Village Ventures Warms Up To Orlando

In a Florida triangle that stretches from the Gold Coast of Tampa, up to Gator-ruled Gainesville and back down through Disney country, Village Ventures plans to sit squarely in the middle. With last Thursday’s launch of a new fund-raising drive, the Williamstown, Mass.-based firm may provide a fresh source of capital to a technology-rich region where the pool of early-stage funding is especially dry.

Although 2000 was a banner year for Central Florida’s start-ups – 21 companies raised $363 million in venture financing, according to the Central Florida Innovation Corp. – most of which was invested in later-stage deals or very young spin-offs from the laboratories of the University of Central Florida, the University of South Florida and the defense and aerospace contractors that dot the region.

The missing link, said John Krug, vice president of technology industry development at the Metro-Orlando Development Corp., is in early-stage financing.

“Ventures like [Village Ventures’] will have a tremendous impact for entrepreneurs in Central Florida,” he said. “Most start-ups are okay in the very early seed stage, but even if they can get angel funding, they have a hard time getting to that next stage. Without self-funding, they can’t get angel funding. Without angel funding, they can’t get the early-stage, and without that, they can’t get all the other stuff.”

Village Ventures, an umbrella-like firm that manages a family of 13 early-stage funds in 10 states and often coinvests alongside its regional affiliates, is to partner with three local executives to lead the fund-raising effort.

Dan Rua, a former partner with Draper Atlantic, will manage the fund’s Gainesville office. Charles Resnick, a former undersecretary in the George H. Bush administration and most recently vice president for corporate development at Mimeo Inc., will manage the fund’s Tampa effort. James Boyle, an investor with Canada’s Capital Communications CDP venture fund, will work from Orlando, while Carolyn Ticknor will serve as a special managing partner. She is a former president of Hewlett-Packard Co.’s imaging and printing systems division.

If the trio is successful in tapping the local pool of high-net-worth individuals, banks, and endowments, they will close a fund upwards of $20 million within the next six to nine months, said Village Ventures Chief Executive Matt Harris.
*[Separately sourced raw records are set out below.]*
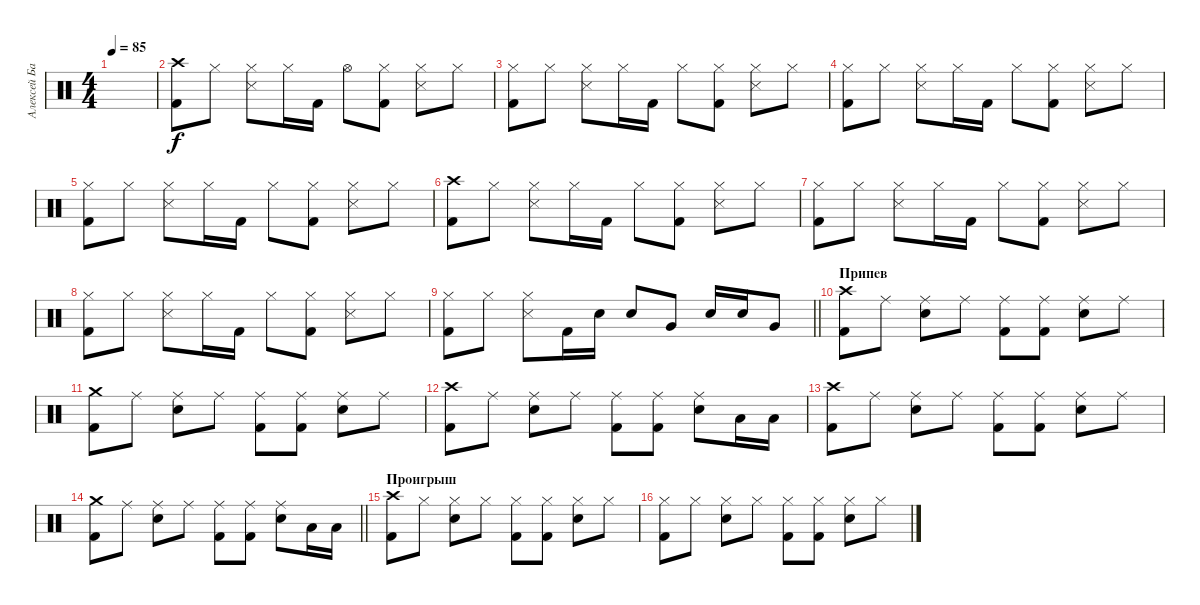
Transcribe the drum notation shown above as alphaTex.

\track ("Алексей Барзилович" "Алексей Ба") {instrument percussion}
\staff {score}
\articulation defaults
\ts (4 4)
\tempo 85
\clef neutral
\ks c
|
("Crash high (hit)" "Kick (hit) 2").8 "Hi-Hat (closed)".8 ("Hi-Hat (closed)" "Snare (side stick) 3").8 "Hi-Hat (closed)".16 "Kick (hit) 2".16 "Hi-Hat (open)".8 ("Hi-Hat (closed)" "Kick (hit) 2").8 ("Hi-Hat (closed)" "Snare (side stick) 3").8 "Hi-Hat (closed)".8 |
("Hi-Hat (closed)" "Kick (hit) 2").8 "Hi-Hat (closed)".8 ("Hi-Hat (closed)" "Snare (side stick) 3").8 "Hi-Hat (closed)".16 "Kick (hit) 2".16 "Hi-Hat (closed)".8 ("Hi-Hat (closed)" "Kick (hit) 2").8 ("Hi-Hat (closed)" "Snare (side stick) 3").8 "Hi-Hat (closed)".8 |
("Hi-Hat (closed)" "Kick (hit) 2").8 "Hi-Hat (closed)".8 ("Hi-Hat (closed)" "Snare (side stick) 3").8 "Hi-Hat (closed)".16 "Kick (hit) 2".16 "Hi-Hat (closed)".8 ("Hi-Hat (closed)" "Kick (hit) 2").8 ("Hi-Hat (closed)" "Snare (side stick) 3").8 "Hi-Hat (closed)".8 |
("Hi-Hat (closed)" "Kick (hit) 2").8 "Hi-Hat (closed)".8 ("Hi-Hat (closed)" "Snare (side stick) 3").8 "Hi-Hat (closed)".16 "Kick (hit) 2".16 "Hi-Hat (closed)".8 ("Hi-Hat (closed)" "Kick (hit) 2").8 ("Hi-Hat (closed)" "Snare (side stick) 3").8 "Hi-Hat (closed)".8 |
("Crash high (hit)" "Kick (hit) 2").8 "Hi-Hat (closed)".8 ("Hi-Hat (closed)" "Snare (side stick) 3").8 "Hi-Hat (closed)".16 "Kick (hit) 2".16 "Hi-Hat (closed)".8 ("Hi-Hat (closed)" "Kick (hit) 2").8 ("Hi-Hat (closed)" "Snare (side stick) 3").8 "Hi-Hat (closed)".8 |
("Hi-Hat (closed)" "Kick (hit) 2").8 "Hi-Hat (closed)".8 ("Hi-Hat (closed)" "Snare (side stick) 3").8 "Hi-Hat (closed)".16 "Kick (hit) 2".16 "Hi-Hat (closed)".8 ("Hi-Hat (closed)" "Kick (hit) 2").8 ("Hi-Hat (closed)" "Snare (side stick) 3").8 "Hi-Hat (closed)".8 |
("Hi-Hat (closed)" "Kick (hit) 2").8 "Hi-Hat (closed)".8 ("Hi-Hat (closed)" "Snare (side stick) 3").8 "Hi-Hat (closed)".16 "Kick (hit) 2".16 "Hi-Hat (closed)".8 ("Hi-Hat (closed)" "Kick (hit) 2").8 ("Hi-Hat (closed)" "Snare (side stick) 3").8 "Hi-Hat (closed)".8 |
\barLineRight lightlight
("Hi-Hat (closed)" "Kick (hit) 2").8 "Hi-Hat (closed)".8 ("Hi-Hat (closed)" "Snare (side stick) 3").8 "Kick (hit) 2".16 "Electric Snare (hit)".16 "Electric Snare (hit)".8 "Very Low Tom (hit)".8 "Electric Snare (hit)".16 "Electric Snare (hit)".16 "Very Low Tom (hit)".8 |
\section ("" "Припев")
("Crash high (hit)" "Kick (hit) 2").8 "Ride (middle)".8 ("Ride (middle)" "Electric Snare (hit)").8 "Ride (middle)".8 ("Ride (middle)" "Kick (hit) 2").8 ("Ride (middle)" "Kick (hit) 2").8 ("Ride (middle)" "Electric Snare (hit)").8 "Ride (middle)".8 |
("Crash medium (hit)" "Kick (hit) 2").8 "Ride (middle)".8 ("Ride (middle)" "Electric Snare (hit)").8 "Ride (middle)".8 ("Ride (middle)" "Kick (hit) 2").8 ("Ride (middle)" "Kick (hit) 2").8 ("Ride (middle)" "Electric Snare (hit)").8 "Ride (middle)".8 |
("Crash high (hit)" "Kick (hit) 2").8 "Ride (middle)".8 ("Ride (middle)" "Electric Snare (hit)").8 "Ride (middle)".8 ("Ride (middle)" "Kick (hit) 2").8 ("Ride (middle)" "Kick (hit) 2").8 ("Ride (middle)" "Electric Snare (hit)").8 "Low Tom (hit)".16 "Low Tom (hit)".16 |
("Crash high (hit)" "Kick (hit) 2").8 "Ride (middle)".8 ("Ride (middle)" "Electric Snare (hit)").8 "Ride (middle)".8 ("Ride (middle)" "Kick (hit) 2").8 ("Ride (middle)" "Kick (hit) 2").8 ("Ride (middle)" "Electric Snare (hit)").8 "Ride (middle)".8 |
\barLineRight lightlight
("Crash medium (hit)" "Kick (hit) 2").8 "Ride (middle)".8 ("Ride (middle)" "Electric Snare (hit)").8 "Ride (middle)".8 ("Ride (middle)" "Kick (hit) 2").8 ("Ride (middle)" "Kick (hit) 2").8 ("Ride (middle)" "Electric Snare (hit)").8 "Low Tom (hit)".16 "Low Tom (hit)".16 |
\section ("" "Проигрыш")
("Crash high (hit)" "Kick (hit) 2").8 "Hi-Hat (closed)".8 ("Hi-Hat (closed)" "Electric Snare (hit)").8 "Hi-Hat (closed)".8 ("Hi-Hat (closed)" "Kick (hit) 2").8 ("Hi-Hat (closed)" "Kick (hit) 2").8 ("Hi-Hat (closed)" "Electric Snare (hit)").8 "Hi-Hat (closed)".8 |
("Hi-Hat (closed)" "Kick (hit) 2").8 "Hi-Hat (closed)".8 ("Hi-Hat (closed)" "Electric Snare (hit)").8 "Hi-Hat (closed)".8 ("Hi-Hat (closed)" "Kick (hit) 2").8 ("Hi-Hat (closed)" "Kick (hit) 2").8 ("Hi-Hat (closed)" "Electric Snare (hit)").8 "Hi-Hat (closed)".8

The fund is actually targeted to close with a pool of capital larger than the average $15 million to $20 million Village Ventures vehicle, and with gloom lurking over economic and political forecasts, fund-raising may prove challenging.

Not All Are So Lucky

Local efforts to raise regionally focused early-stage venture funds within the last six months have been largely unsuccessful. Orlando Venture Capital, for one, emerged in April with hopes of closing a $25 million technology fund within six months. To date, the firm has been unsuccessful in raising any capital, despite support from local industry leaders. Orlando Venture Capital President and Chairman Gerry Nolan, however, remains persistent.
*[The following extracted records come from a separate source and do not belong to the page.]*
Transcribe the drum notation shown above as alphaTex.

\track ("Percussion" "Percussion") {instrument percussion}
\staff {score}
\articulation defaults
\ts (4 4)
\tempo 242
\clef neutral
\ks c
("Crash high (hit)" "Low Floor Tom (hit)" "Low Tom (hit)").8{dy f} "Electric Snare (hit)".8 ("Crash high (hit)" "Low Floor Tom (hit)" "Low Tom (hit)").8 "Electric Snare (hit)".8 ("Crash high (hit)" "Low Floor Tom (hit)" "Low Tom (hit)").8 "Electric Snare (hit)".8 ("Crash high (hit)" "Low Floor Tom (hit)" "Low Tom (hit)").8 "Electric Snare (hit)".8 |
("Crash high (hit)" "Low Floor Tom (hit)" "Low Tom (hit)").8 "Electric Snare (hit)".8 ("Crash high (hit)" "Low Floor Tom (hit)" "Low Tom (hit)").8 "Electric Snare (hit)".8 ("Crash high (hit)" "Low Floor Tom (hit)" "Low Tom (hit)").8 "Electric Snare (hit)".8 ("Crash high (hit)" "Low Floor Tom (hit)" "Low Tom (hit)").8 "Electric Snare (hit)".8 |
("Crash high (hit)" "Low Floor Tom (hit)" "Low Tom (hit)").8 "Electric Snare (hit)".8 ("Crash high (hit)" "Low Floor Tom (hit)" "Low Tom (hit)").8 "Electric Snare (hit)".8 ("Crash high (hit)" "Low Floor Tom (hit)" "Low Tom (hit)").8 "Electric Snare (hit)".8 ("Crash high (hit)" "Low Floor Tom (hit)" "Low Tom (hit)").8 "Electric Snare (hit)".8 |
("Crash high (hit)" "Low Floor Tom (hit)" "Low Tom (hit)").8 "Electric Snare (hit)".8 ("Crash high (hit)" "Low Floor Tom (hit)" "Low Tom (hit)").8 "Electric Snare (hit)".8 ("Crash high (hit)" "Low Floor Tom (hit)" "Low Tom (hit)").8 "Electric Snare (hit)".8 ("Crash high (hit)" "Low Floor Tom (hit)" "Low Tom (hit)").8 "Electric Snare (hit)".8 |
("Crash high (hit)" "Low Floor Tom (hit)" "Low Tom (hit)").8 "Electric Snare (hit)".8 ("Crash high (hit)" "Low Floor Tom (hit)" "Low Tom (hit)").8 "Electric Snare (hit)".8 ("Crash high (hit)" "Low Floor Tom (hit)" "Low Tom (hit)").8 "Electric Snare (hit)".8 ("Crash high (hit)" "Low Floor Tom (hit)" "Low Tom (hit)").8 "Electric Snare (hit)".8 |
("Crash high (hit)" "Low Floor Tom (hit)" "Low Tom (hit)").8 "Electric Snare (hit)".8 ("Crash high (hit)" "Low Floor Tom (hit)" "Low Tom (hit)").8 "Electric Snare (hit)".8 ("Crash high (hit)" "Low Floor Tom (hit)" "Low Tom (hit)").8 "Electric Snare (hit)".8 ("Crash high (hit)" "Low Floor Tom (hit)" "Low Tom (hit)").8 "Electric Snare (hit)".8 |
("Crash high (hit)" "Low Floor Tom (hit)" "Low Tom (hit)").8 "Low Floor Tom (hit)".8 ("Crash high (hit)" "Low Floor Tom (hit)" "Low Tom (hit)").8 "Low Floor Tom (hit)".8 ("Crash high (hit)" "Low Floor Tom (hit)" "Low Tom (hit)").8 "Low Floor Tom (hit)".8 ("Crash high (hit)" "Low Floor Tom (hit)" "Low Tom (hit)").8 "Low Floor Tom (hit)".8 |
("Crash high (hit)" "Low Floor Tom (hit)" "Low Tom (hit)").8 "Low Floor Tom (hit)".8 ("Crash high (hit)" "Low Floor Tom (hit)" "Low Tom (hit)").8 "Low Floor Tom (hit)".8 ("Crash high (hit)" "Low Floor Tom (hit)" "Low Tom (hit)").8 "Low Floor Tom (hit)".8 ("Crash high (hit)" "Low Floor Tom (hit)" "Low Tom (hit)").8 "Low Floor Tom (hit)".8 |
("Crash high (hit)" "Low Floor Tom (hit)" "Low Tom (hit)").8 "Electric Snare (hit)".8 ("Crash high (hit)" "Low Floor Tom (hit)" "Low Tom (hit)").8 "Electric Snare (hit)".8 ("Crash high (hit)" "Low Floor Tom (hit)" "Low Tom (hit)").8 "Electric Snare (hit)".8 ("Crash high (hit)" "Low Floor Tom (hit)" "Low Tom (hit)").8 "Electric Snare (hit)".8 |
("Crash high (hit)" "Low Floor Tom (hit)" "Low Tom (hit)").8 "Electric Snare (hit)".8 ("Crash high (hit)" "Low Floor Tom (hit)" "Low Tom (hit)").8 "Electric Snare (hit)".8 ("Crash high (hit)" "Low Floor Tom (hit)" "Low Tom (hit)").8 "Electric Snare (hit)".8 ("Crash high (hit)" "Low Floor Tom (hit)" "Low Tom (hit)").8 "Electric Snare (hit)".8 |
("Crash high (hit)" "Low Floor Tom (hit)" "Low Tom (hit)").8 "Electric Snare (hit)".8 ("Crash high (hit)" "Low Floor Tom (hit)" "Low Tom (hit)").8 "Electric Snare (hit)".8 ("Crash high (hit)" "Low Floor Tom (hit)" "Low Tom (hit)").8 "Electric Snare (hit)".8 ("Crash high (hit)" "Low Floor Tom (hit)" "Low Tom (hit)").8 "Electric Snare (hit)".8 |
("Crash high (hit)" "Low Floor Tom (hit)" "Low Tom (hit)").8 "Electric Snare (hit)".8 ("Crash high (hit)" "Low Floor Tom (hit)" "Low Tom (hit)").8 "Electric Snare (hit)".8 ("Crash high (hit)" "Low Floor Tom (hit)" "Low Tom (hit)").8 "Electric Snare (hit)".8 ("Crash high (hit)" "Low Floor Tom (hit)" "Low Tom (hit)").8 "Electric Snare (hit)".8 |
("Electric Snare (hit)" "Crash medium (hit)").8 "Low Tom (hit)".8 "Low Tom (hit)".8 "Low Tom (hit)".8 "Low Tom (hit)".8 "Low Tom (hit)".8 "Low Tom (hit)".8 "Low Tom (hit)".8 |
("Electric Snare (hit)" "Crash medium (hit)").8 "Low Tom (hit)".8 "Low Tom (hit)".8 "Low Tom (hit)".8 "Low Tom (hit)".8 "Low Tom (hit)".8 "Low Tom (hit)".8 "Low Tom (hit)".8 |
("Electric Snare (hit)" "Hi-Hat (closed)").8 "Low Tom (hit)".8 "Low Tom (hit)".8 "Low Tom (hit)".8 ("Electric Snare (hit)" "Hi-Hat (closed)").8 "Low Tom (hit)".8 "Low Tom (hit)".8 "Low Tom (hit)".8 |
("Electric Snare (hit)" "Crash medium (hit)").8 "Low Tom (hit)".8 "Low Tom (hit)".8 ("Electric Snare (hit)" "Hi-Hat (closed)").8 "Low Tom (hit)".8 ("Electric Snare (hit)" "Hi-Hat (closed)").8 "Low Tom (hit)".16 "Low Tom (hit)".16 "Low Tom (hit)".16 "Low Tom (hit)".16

“At some point, the institutionally backed capital is going to recognize a need for early-stage positions in photonics and simulation is going to have to have a presence in Orlando,” he said. “Orlando Venture Capital will be there to service that need and provide instant cash flow and instant liquidity in that area. If we have these clusters, know where the bodies are buried, and our ears to the rail here, the smart money will have to have deal flow.”

Deal flow and the backing of local partners and executives, however, may not be enough to carry a venture fund past the scrutiny of tight-fisted investors.

“Venture funds are blind pools. You’re asking investors to put up capital for seven years and trust the managing partner to raise the capital and invest it wisely,” said Richard Fox, president of the Central Florida Innovation Corp. “It’s easier to raise money if you’ve done it before, or if this is your second fund. None of the people actively raising money have done it before, and that is the prime reason why none of them have been successful yet.”

It Takes A Village

Though Village Ventures comes armed with a ready-made national network of affiliated funds, the backing of late-stage venture capitalists and close ties to technology industry giants like Lycos, it also is too young a firm to boast a history of success within a tough economic and political climate.

In this uncertain environment, Harris said, fund-raising will be a challenge. Thus, the move into a large metropolitan region like the Tampa-Gainesville-Orlando corridor represents another shift for Village Ventures.

While the firm historically has honed in on small markets anchored by liberal arts colleges in the New England and Mountain regions since its inception last year, this is its first foray into an area that is home to both large research universities and long-established technology companies.

“This represents a bit of an evolution for us,” said Village Ventures’ Matt Harris. “We really got our start in tertiary markets and partnering with liberal arts institutions. This is a much different animal – two to three times that size, a strong management team and in a secondary market with real academic research institutions. When we started, markets like this looked out of reach and already exploited by venture capitalists. But because of the retrenchment in venture capital, these are really attractive to us.”

The still-unnamed fund will target companies in the lasers, optics, simulation software and life sciences sectors. Like the rest of Village Ventures’ funds, this one is to target investments in the $1 million to $3 million range. This one, however, will reserve a larger pool for follow-on funding, and expects to take the lead in some of those rounds.